Which shows me that the Intel ran quite a lot cooler, or, dissipated less heat. This is not a debate about who is the fastest, the best, yet, as no one here have had their hands on these cpu's, to see what can be had from them.
The new Dual-core Intel Extreme will of course run hotter, and consume more power, if the Hyperthreading side is enabled, enabling it to run 4 threads in parallel.
Always amazes me how people test cpu's, just to highlight strongpoints of one, and downfalls of another.
For the same reason why FX55 can't compare to A64X2 when running dual-threaded apps, for that same reason A64X2 will pale when it have to run 4 apps compared to the Extreme Intel dual.
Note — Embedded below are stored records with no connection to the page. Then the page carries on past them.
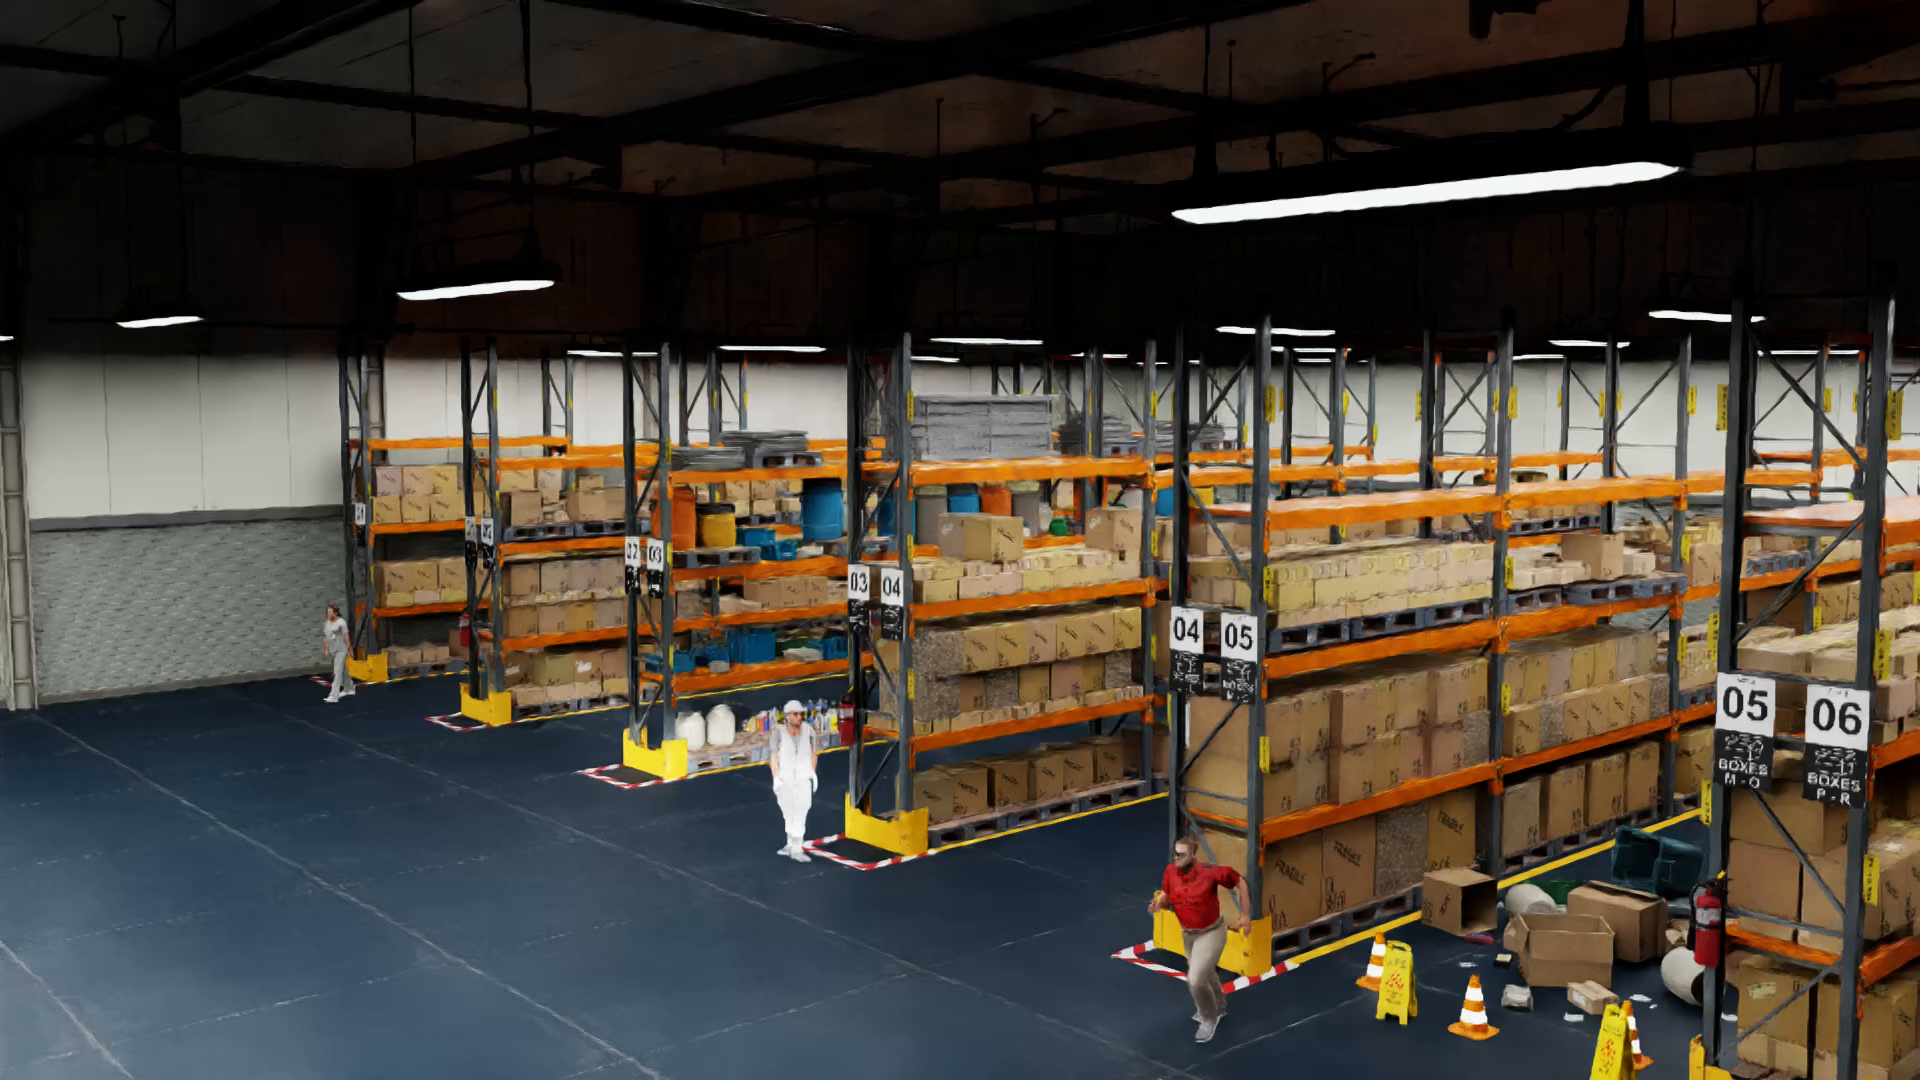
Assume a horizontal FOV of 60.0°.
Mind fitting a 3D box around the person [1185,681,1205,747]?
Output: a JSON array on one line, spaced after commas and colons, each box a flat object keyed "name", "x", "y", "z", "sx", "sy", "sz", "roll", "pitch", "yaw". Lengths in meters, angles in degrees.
[{"name": "person", "x": 2.927, "y": 2.488, "z": 20.335, "sx": 0.686, "sy": 1.700, "sz": 0.867, "roll": 5, "pitch": 7, "yaw": 44}]

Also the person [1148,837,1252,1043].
[{"name": "person", "x": 1.908, "y": 3.155, "z": 13.285, "sx": 0.937, "sy": 1.641, "sz": 0.655, "roll": -4, "pitch": 6, "yaw": -36}]

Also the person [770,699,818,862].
[{"name": "person", "x": -1.834, "y": 2.632, "z": 18.353, "sx": 0.528, "sy": 1.791, "sz": 0.503, "roll": -1, "pitch": 5, "yaw": -9}]

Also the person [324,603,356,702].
[{"name": "person", "x": -10.423, "y": 1.858, "z": 27.753, "sx": 0.483, "sy": 1.619, "sz": 0.902, "roll": 2, "pitch": 6, "yaw": 24}]
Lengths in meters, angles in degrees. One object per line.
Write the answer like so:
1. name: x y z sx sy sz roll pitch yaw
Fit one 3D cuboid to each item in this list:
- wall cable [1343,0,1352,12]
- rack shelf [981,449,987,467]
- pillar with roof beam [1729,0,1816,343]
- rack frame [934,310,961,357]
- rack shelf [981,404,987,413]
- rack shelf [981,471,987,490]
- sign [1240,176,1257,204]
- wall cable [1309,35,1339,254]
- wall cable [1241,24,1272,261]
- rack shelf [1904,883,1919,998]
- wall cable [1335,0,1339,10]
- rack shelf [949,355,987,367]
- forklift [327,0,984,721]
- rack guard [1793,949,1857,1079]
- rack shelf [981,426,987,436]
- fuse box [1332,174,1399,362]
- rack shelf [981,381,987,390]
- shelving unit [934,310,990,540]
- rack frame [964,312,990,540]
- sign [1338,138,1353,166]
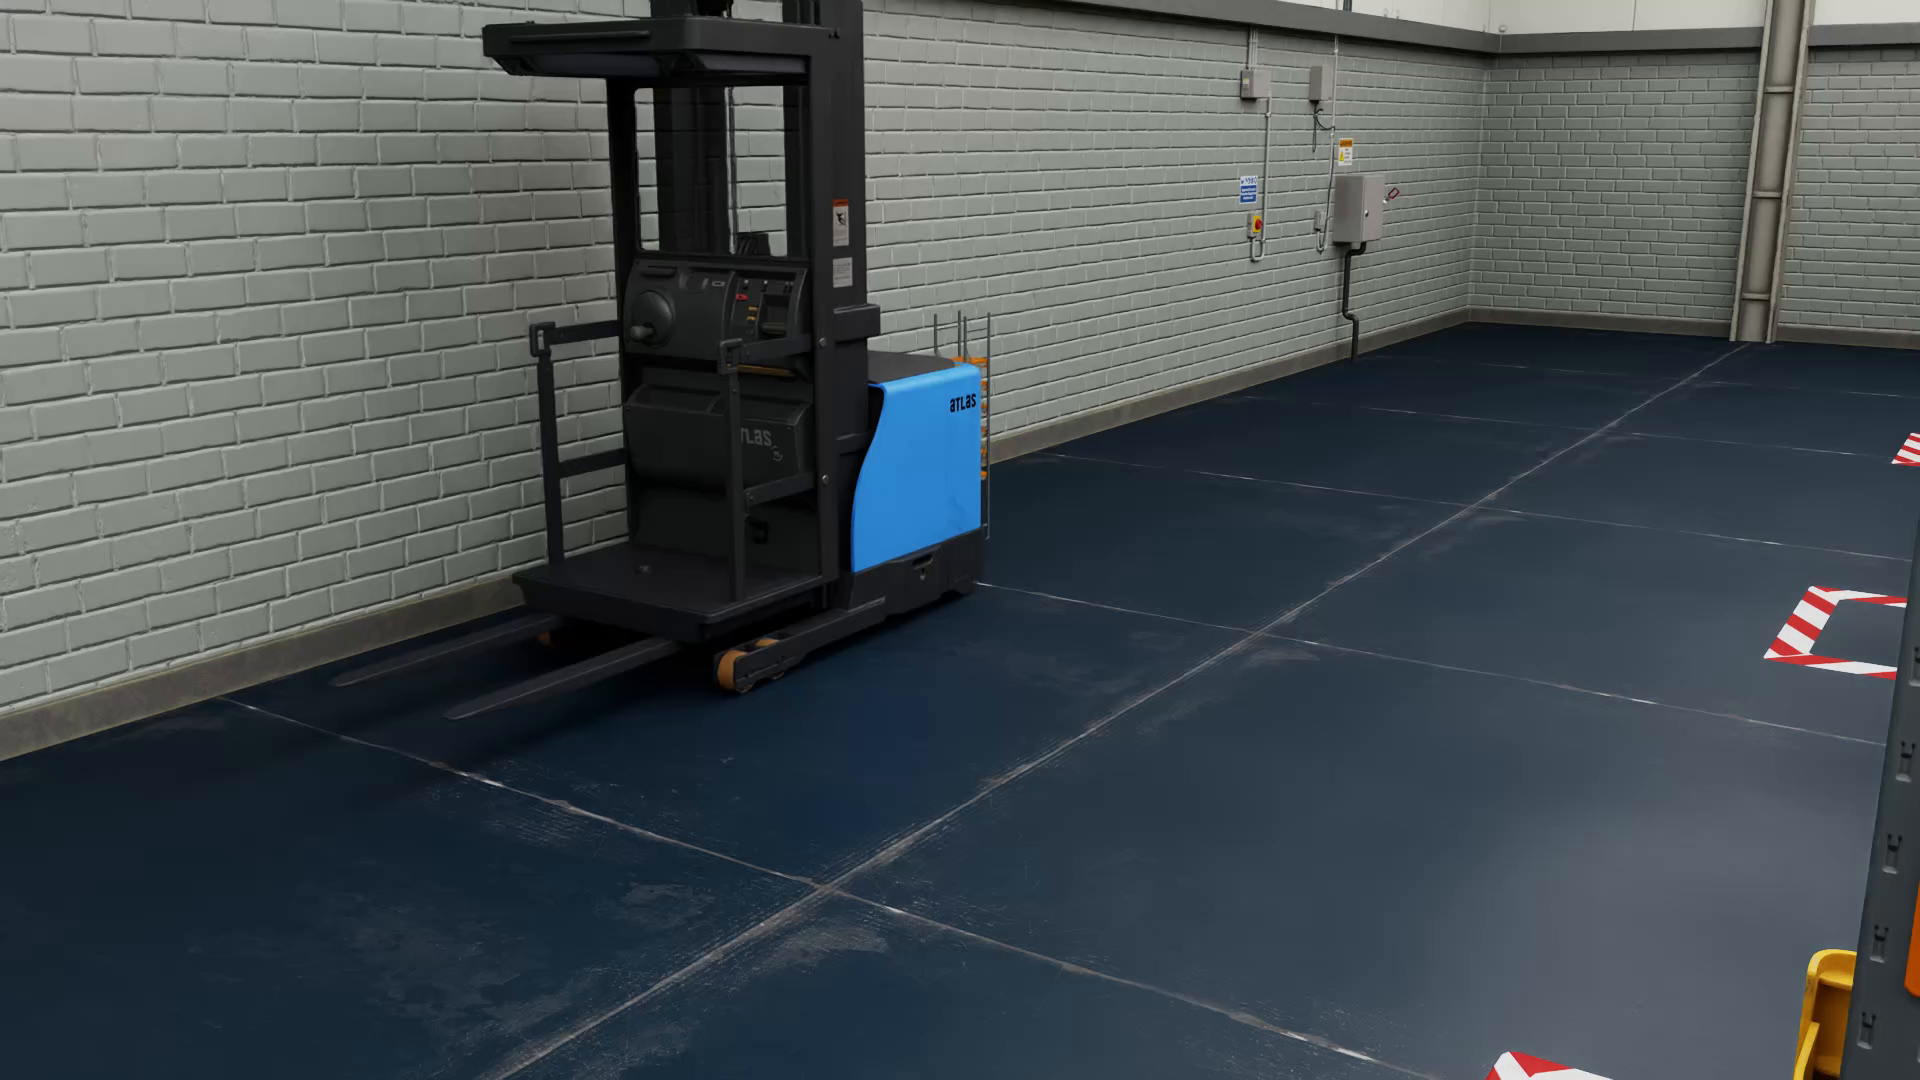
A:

Give this time to mature before me make assumptions, or draw conclusions. I reckon by a year from now, we will see Dothan duals, and I am willing to put my FX55/SLI rig on the line that those Dothans are going to sweep the floor with every other cpu out there
Guyz, I have mentioned this before, it is ok to be a fanboy, if you have reason to be! It means basically to not shoot down the other guy, until you have tried both. For everything else than gaming, I still would luv to have my old Northwood P4 clocked to 4gig, over my FX55.
And with SLI gfx, it doesn't really matter, the Northwood would give me as much fun as the FX55, and o yeah, before I forget, as some guys say Hyperthreading doesn't mean anything.......I could run a few sessions, be on the net, and do a SuperPI, still coming in at around 40sec when clocked to a nice 4.3gig.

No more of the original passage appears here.